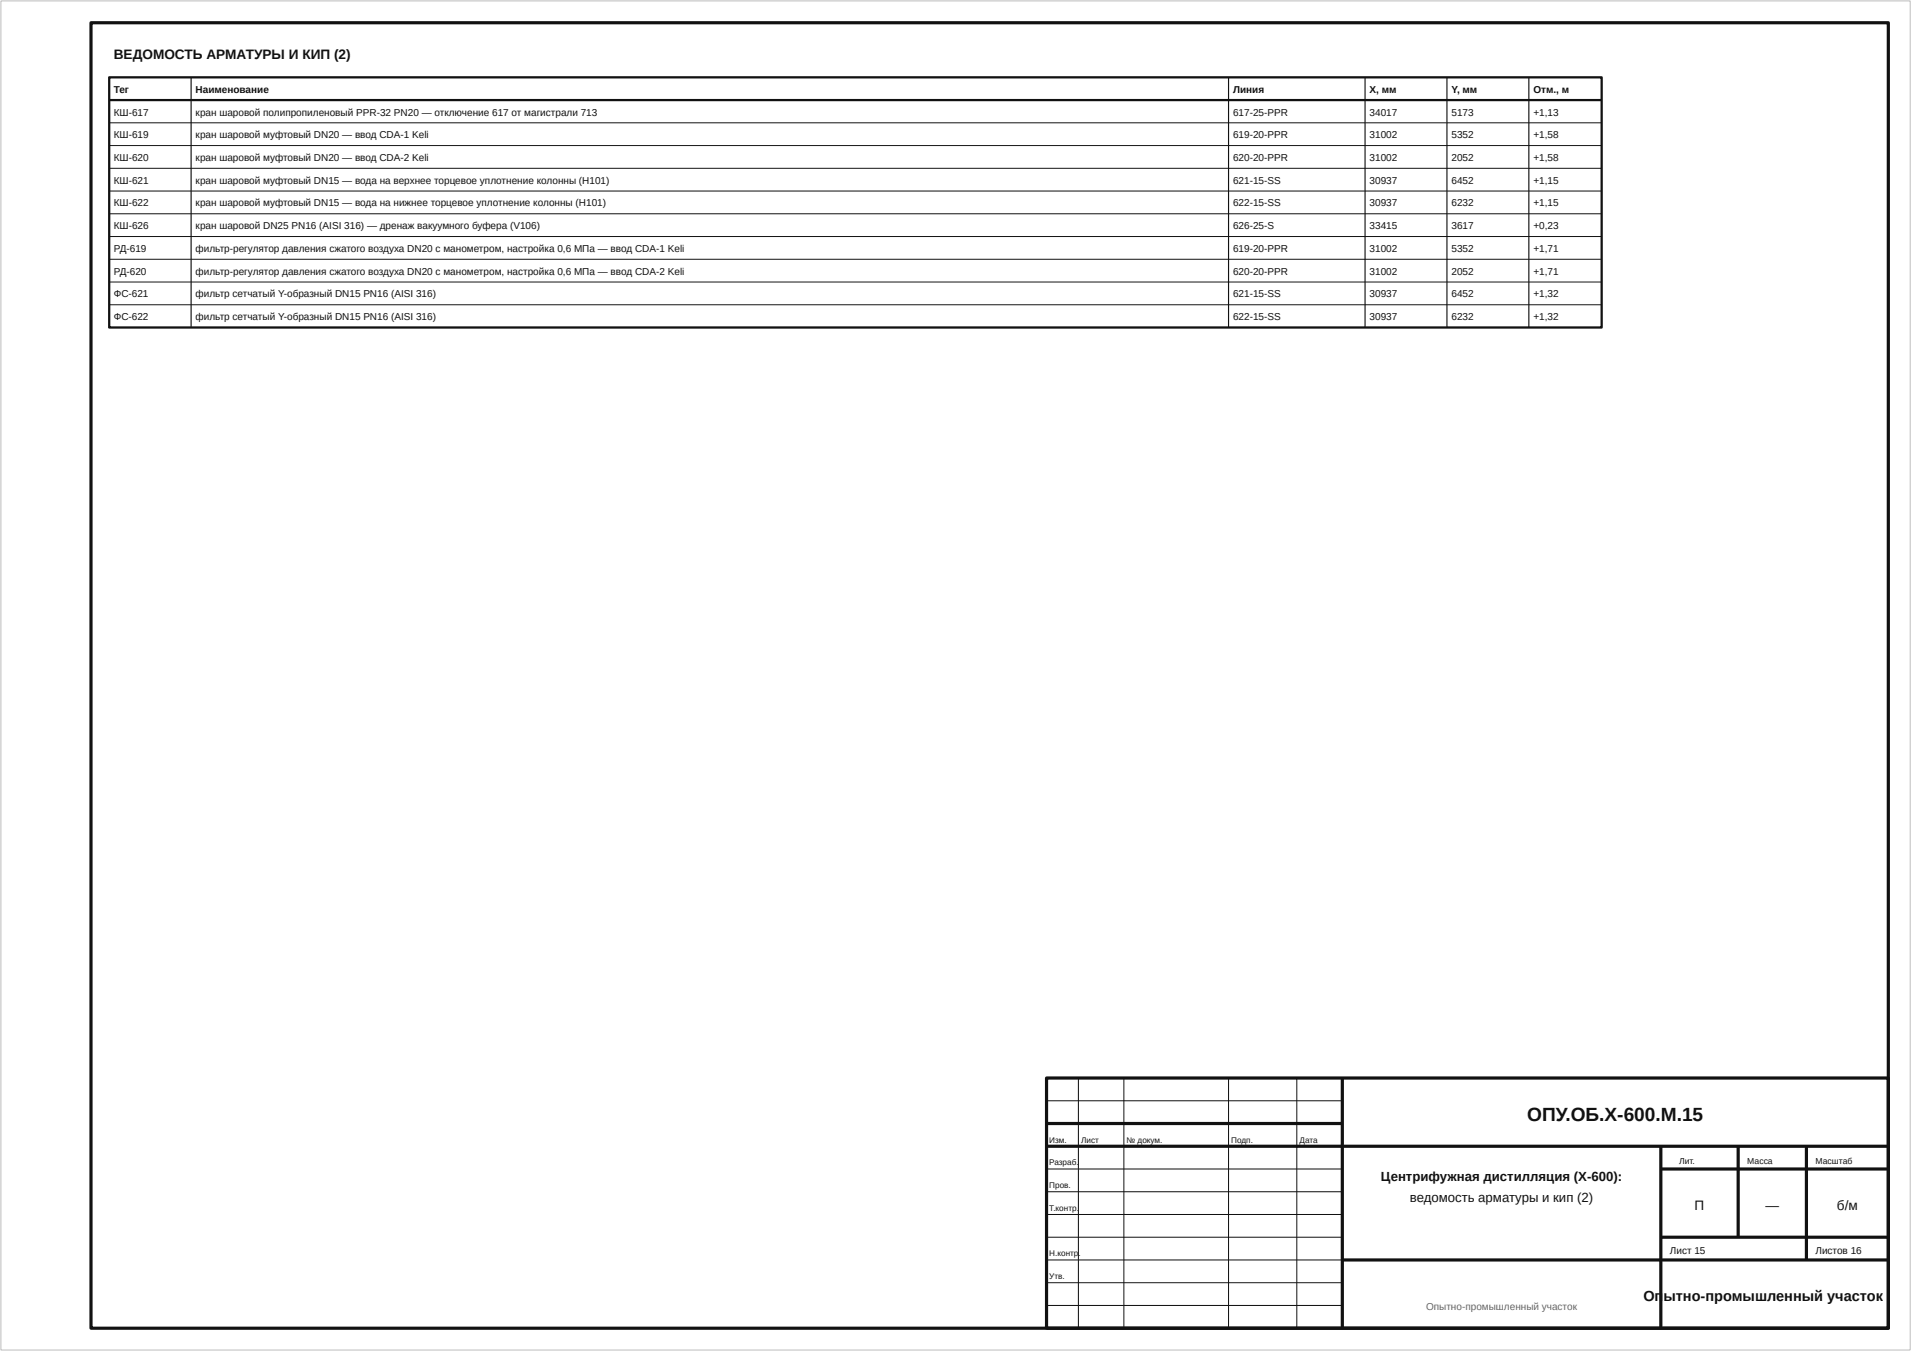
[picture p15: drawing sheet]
<svg xmlns="http://www.w3.org/2000/svg" width="420mm" height="297mm" viewBox="0 0 420 297" stroke-linecap="round" stroke-linejoin="round" font-family="sans-serif">
<defs><g id="words">
<text font-size="4.2" fill="#111" x="335.7" y="246.5">ОПУ.ОБ.X-600.М.15</text>
<g font-size="3.2" fill="#111">
<text x="361.2" y="286">Оп</text>
<text x="365.6" y="286">ытно-промышленный участок</text>
</g>
<g font-size="3" fill="#111">
<text x="25" y="13">ВЕДОМОСТЬ АРМАТУРЫ И КИП (2)</text>
<text x="372.4" y="266">П</text>
<text x="388" y="266">—</text>
<text x="403.7" y="266">б/м</text>
</g>
<g font-size="2.9" fill="#111">
<text x="303.5" y="259.7">Центрифужная дистилляция (X-600):</text>
<text x="309.8" y="264.3">ведомость арматуры и кип (2)</text>
</g>
<g font-size="2.2" fill="#111">
<text x="25" y="20.4">Тег</text>
<text x="43" y="20.4">Наименование</text>
<text x="271" y="20.4">Линия</text>
<text x="301" y="20.4">X, мм</text>
<text x="319" y="20.4">Y, мм</text>
<text x="337" y="20.4">Отм., м</text>
<text x="25" y="25.4">КШ-617</text>
<text x="43" y="25.4">кран шаровой полипропиленовый PPR-32 PN20 — отключение 617 от магистрали 713</text>
<text x="271" y="25.4">617-25-PPR</text>
<text x="301" y="25.4">34017</text>
<text x="319" y="25.4">5173</text>
<text x="337" y="25.4">+1,13</text>
<text x="25" y="30.4">КШ-619</text>
<text x="25" y="35.4">КШ-620</text>
<text x="43" y="30.4">кран шаровой муфтовый DN20 — ввод CDA-1 Keli</text>
<text x="43" y="35.4">кран шаровой муфтовый DN20 — ввод CDA-2 Keli</text>
<text x="271" y="30.4">619-20-PPR</text>
<text x="271" y="35.4">620-20-PPR</text>
<text x="301" y="30.4">31002</text>
<text x="301" y="35.4">31002</text>
<text x="319" y="30.4">5352</text>
<text x="319" y="35.4">2052</text>
<text x="337" y="30.4">+1,58</text>
<text x="337" y="35.4">+1,58</text>
<text x="25" y="40.4">КШ-621</text>
<text x="43" y="40.4">кран шаровой муфтовый DN15 — вода на верхнее торцевое уплотнение колонны (H101)</text>
<text x="271" y="40.4">621-15-SS</text>
<text x="301" y="40.4">30937</text>
<text x="319" y="40.4">6452</text>
<text x="337" y="40.4">+1,15</text>
<text x="25" y="45.4">КШ-622</text>
<text x="43" y="45.4">кран шаровой муфтовый DN15 — вода на нижнее торцевое уплотнение колонны (H101)</text>
<text x="271" y="45.4">622-15-SS</text>
<text x="301" y="45.4">30937</text>
<text x="319" y="45.4">6232</text>
<text x="337" y="45.4">+1,15</text>
<text x="25" y="50.4">КШ-626</text>
<text x="43" y="50.4">кран шаровой DN25 PN16 (AISI 316) — дренаж вакуумного буфера (V106)</text>
<text x="271" y="50.4">626-25-S</text>
<text x="301" y="50.4">33415</text>
<text x="319" y="50.4">3617</text>
<text x="337" y="50.4">+0,23</text>
<text x="25" y="55.4">РД-619</text>
<text x="43" y="55.4">фильтр-регулятор давления сжатого воздуха DN20 с манометром, настройка 0,6 МПа — ввод CDA-1 Keli</text>
<text x="271" y="55.4">619-20-PPR</text>
<text x="301" y="55.4">31002</text>
<text x="319" y="55.4">5352</text>
<text x="337" y="55.4">+1,71</text>
<text x="25" y="60.4">РД-620</text>
<text x="25" y="65.4">ФС-621</text>
<text x="43" y="60.4">фильтр-регулятор давления сжатого воздуха DN20 с манометром, настройка 0,6 МПа — ввод CDA-2 Keli</text>
<text x="43" y="65.4">фильтр сетчатый Y-образный DN15 PN16 (AISI 316)</text>
<text x="271" y="60.4">620-20-PPR</text>
<text x="271" y="65.4">621-15-SS</text>
<text x="301" y="60.4">31002</text>
<text x="301" y="65.4">30937</text>
<text x="319" y="60.4">2052</text>
<text x="319" y="65.4">6452</text>
<text x="337" y="60.4">+1,71</text>
<text x="337" y="65.4">+1,32</text>
<text x="25" y="70.4">ФС-622</text>
<text x="43" y="70.4">фильтр сетчатый Y-образный DN15 PN16 (AISI 316)</text>
<text x="271" y="70.4">622-15-SS</text>
<text x="301" y="70.4">30937</text>
<text x="319" y="70.4">6232</text>
<text x="337" y="70.4">+1,32</text>
<text x="367" y="275.8">Лист 15</text>
<text x="399" y="275.8">Листов 16</text>
</g>
<text font-size="2.2" fill="#666" x="313.4" y="288">Опытно-промышленный участок</text>
<g font-size="1.9" fill="#111">
<text x="369" y="255.8">Лит.</text>
<text x="384" y="255.8">Масса</text>
<text x="399" y="255.8">Масштаб</text>
</g>
<g font-size="1.8" fill="#111">
<text x="230.6" y="251.2">Изм.</text>
<text x="237.6" y="251.2">Лист</text>
<text x="247.6" y="251.2">№ докум.</text>
<text x="270.6" y="251.2">Подп.</text>
<text x="285.6" y="251.2">Дата</text>
<text x="230.6" y="256.2">Разраб.</text>
<text x="230.6" y="261.2">Пров.</text>
<text x="230.6" y="266.2">Т.контр.</text>
<text x="230.6" y="276.2">Н.контр</text>
<text x="230.6" y="281.2">Утв.</text>
<text x="237" y="276.2">.</text>
</g>
</g></defs>
<path d="M20 5h395v287h-395zM230 237h185v55h-185zM295 237v55M230 247h65M230 252h185M365 252v40M365 257h50M382 252v20M397 252v25M295 277h120M365 272h50" fill="none" stroke="#111" stroke-width=".7" stroke-linecap="butt"/>
<path d="M24 17h328v55h-328zM24 22h328" fill="none" stroke="#111" stroke-width=".5"/>
<path d="M.2 .2h419.6v296.6h-419.6z" fill="none" stroke="#bbb" stroke-width=".22"/>
<g fill="none" stroke="#111" stroke-width=".22">
<path d="M24 27h328M24 32h328M24 37h328M24 42h328M24 47h328M24 52h328M24 57h328M24 62h328M24 67h328M237 237v55M247 237v55M270 237v55"/>
<path d="M285 237v55M230 242h65M230 257h65M230 262h65M230 267h65M230 272h65M230 277h65M230 282h65M230 287h65"/>
</g>
<path d="M42 17v55M270 17v55M300 17v55M318 17v55M336 17v55" fill="none" stroke="#111" stroke-width=".25"/>
<use href="#words"/>
</svg>

══════════

Write the listing out a second time exactly, dropping all images.

Solution ::
[picture p15: drawing sheet]
<svg xmlns="http://www.w3.org/2000/svg" width="420mm" height="297mm" viewBox="0 0 420 297" stroke-linecap="round" stroke-linejoin="round" font-family="sans-serif">
<defs><g id="words">
<text font-size="4.2" fill="#111" x="335.7" y="246.5">ОПУ.ОБ.X-600.М.15</text>
<g font-size="3.2" fill="#111">
<text x="361.2" y="286">Оп</text>
<text x="365.6" y="286">ытно-промышленный участок</text>
</g>
<g font-size="3" fill="#111">
<text x="25" y="13">ВЕДОМОСТЬ АРМАТУРЫ И КИП (2)</text>
<text x="372.4" y="266">П</text>
<text x="388" y="266">—</text>
<text x="403.7" y="266">б/м</text>
</g>
<g font-size="2.9" fill="#111">
<text x="303.5" y="259.7">Центрифужная дистилляция (X-600):</text>
<text x="309.8" y="264.3">ведомость арматуры и кип (2)</text>
</g>
<g font-size="2.2" fill="#111">
<text x="25" y="20.4">Тег</text>
<text x="43" y="20.4">Наименование</text>
<text x="271" y="20.4">Линия</text>
<text x="301" y="20.4">X, мм</text>
<text x="319" y="20.4">Y, мм</text>
<text x="337" y="20.4">Отм., м</text>
<text x="25" y="25.4">КШ-617</text>
<text x="43" y="25.4">кран шаровой полипропиленовый PPR-32 PN20 — отключение 617 от магистрали 713</text>
<text x="271" y="25.4">617-25-PPR</text>
<text x="301" y="25.4">34017</text>
<text x="319" y="25.4">5173</text>
<text x="337" y="25.4">+1,13</text>
<text x="25" y="30.4">КШ-619</text>
<text x="25" y="35.4">КШ-620</text>
<text x="43" y="30.4">кран шаровой муфтовый DN20 — ввод CDA-1 Keli</text>
<text x="43" y="35.4">кран шаровой муфтовый DN20 — ввод CDA-2 Keli</text>
<text x="271" y="30.4">619-20-PPR</text>
<text x="271" y="35.4">620-20-PPR</text>
<text x="301" y="30.4">31002</text>
<text x="301" y="35.4">31002</text>
<text x="319" y="30.4">5352</text>
<text x="319" y="35.4">2052</text>
<text x="337" y="30.4">+1,58</text>
<text x="337" y="35.4">+1,58</text>
<text x="25" y="40.4">КШ-621</text>
<text x="43" y="40.4">кран шаровой муфтовый DN15 — вода на верхнее торцевое уплотнение колонны (H101)</text>
<text x="271" y="40.4">621-15-SS</text>
<text x="301" y="40.4">30937</text>
<text x="319" y="40.4">6452</text>
<text x="337" y="40.4">+1,15</text>
<text x="25" y="45.4">КШ-622</text>
<text x="43" y="45.4">кран шаровой муфтовый DN15 — вода на нижнее торцевое уплотнение колонны (H101)</text>
<text x="271" y="45.4">622-15-SS</text>
<text x="301" y="45.4">30937</text>
<text x="319" y="45.4">6232</text>
<text x="337" y="45.4">+1,15</text>
<text x="25" y="50.4">КШ-626</text>
<text x="43" y="50.4">кран шаровой DN25 PN16 (AISI 316) — дренаж вакуумного буфера (V106)</text>
<text x="271" y="50.4">626-25-S</text>
<text x="301" y="50.4">33415</text>
<text x="319" y="50.4">3617</text>
<text x="337" y="50.4">+0,23</text>
<text x="25" y="55.4">РД-619</text>
<text x="43" y="55.4">фильтр-регулятор давления сжатого воздуха DN20 с манометром, настройка 0,6 МПа — ввод CDA-1 Keli</text>
<text x="271" y="55.4">619-20-PPR</text>
<text x="301" y="55.4">31002</text>
<text x="319" y="55.4">5352</text>
<text x="337" y="55.4">+1,71</text>
<text x="25" y="60.4">РД-620</text>
<text x="25" y="65.4">ФС-621</text>
<text x="43" y="60.4">фильтр-регулятор давления сжатого воздуха DN20 с манометром, настройка 0,6 МПа — ввод CDA-2 Keli</text>
<text x="43" y="65.4">фильтр сетчатый Y-образный DN15 PN16 (AISI 316)</text>
<text x="271" y="60.4">620-20-PPR</text>
<text x="271" y="65.4">621-15-SS</text>
<text x="301" y="60.4">31002</text>
<text x="301" y="65.4">30937</text>
<text x="319" y="60.4">2052</text>
<text x="319" y="65.4">6452</text>
<text x="337" y="60.4">+1,71</text>
<text x="337" y="65.4">+1,32</text>
<text x="25" y="70.4">ФС-622</text>
<text x="43" y="70.4">фильтр сетчатый Y-образный DN15 PN16 (AISI 316)</text>
<text x="271" y="70.4">622-15-SS</text>
<text x="301" y="70.4">30937</text>
<text x="319" y="70.4">6232</text>
<text x="337" y="70.4">+1,32</text>
<text x="367" y="275.8">Лист 15</text>
<text x="399" y="275.8">Листов 16</text>
</g>
<text font-size="2.2" fill="#666" x="313.4" y="288">Опытно-промышленный участок</text>
<g font-size="1.9" fill="#111">
<text x="369" y="255.8">Лит.</text>
<text x="384" y="255.8">Масса</text>
<text x="399" y="255.8">Масштаб</text>
</g>
<g font-size="1.8" fill="#111">
<text x="230.6" y="251.2">Изм.</text>
<text x="237.6" y="251.2">Лист</text>
<text x="247.6" y="251.2">№ докум.</text>
<text x="270.6" y="251.2">Подп.</text>
<text x="285.6" y="251.2">Дата</text>
<text x="230.6" y="256.2">Разраб.</text>
<text x="230.6" y="261.2">Пров.</text>
<text x="230.6" y="266.2">Т.контр.</text>
<text x="230.6" y="276.2">Н.контр</text>
<text x="230.6" y="281.2">Утв.</text>
<text x="237" y="276.2">.</text>
</g>
</g></defs>
<path d="M20 5h395v287h-395zM230 237h185v55h-185zM295 237v55M230 247h65M230 252h185M365 252v40M365 257h50M382 252v20M397 252v25M295 277h120M365 272h50" fill="none" stroke="#111" stroke-width=".7" stroke-linecap="butt"/>
<path d="M24 17h328v55h-328zM24 22h328" fill="none" stroke="#111" stroke-width=".5"/>
<path d="M.2 .2h419.6v296.6h-419.6z" fill="none" stroke="#bbb" stroke-width=".22"/>
<g fill="none" stroke="#111" stroke-width=".22">
<path d="M24 27h328M24 32h328M24 37h328M24 42h328M24 47h328M24 52h328M24 57h328M24 62h328M24 67h328M237 237v55M247 237v55M270 237v55"/>
<path d="M285 237v55M230 242h65M230 257h65M230 262h65M230 267h65M230 272h65M230 277h65M230 282h65M230 287h65"/>
</g>
<path d="M42 17v55M270 17v55M300 17v55M318 17v55M336 17v55" fill="none" stroke="#111" stroke-width=".25"/>
<use href="#words"/>
</svg>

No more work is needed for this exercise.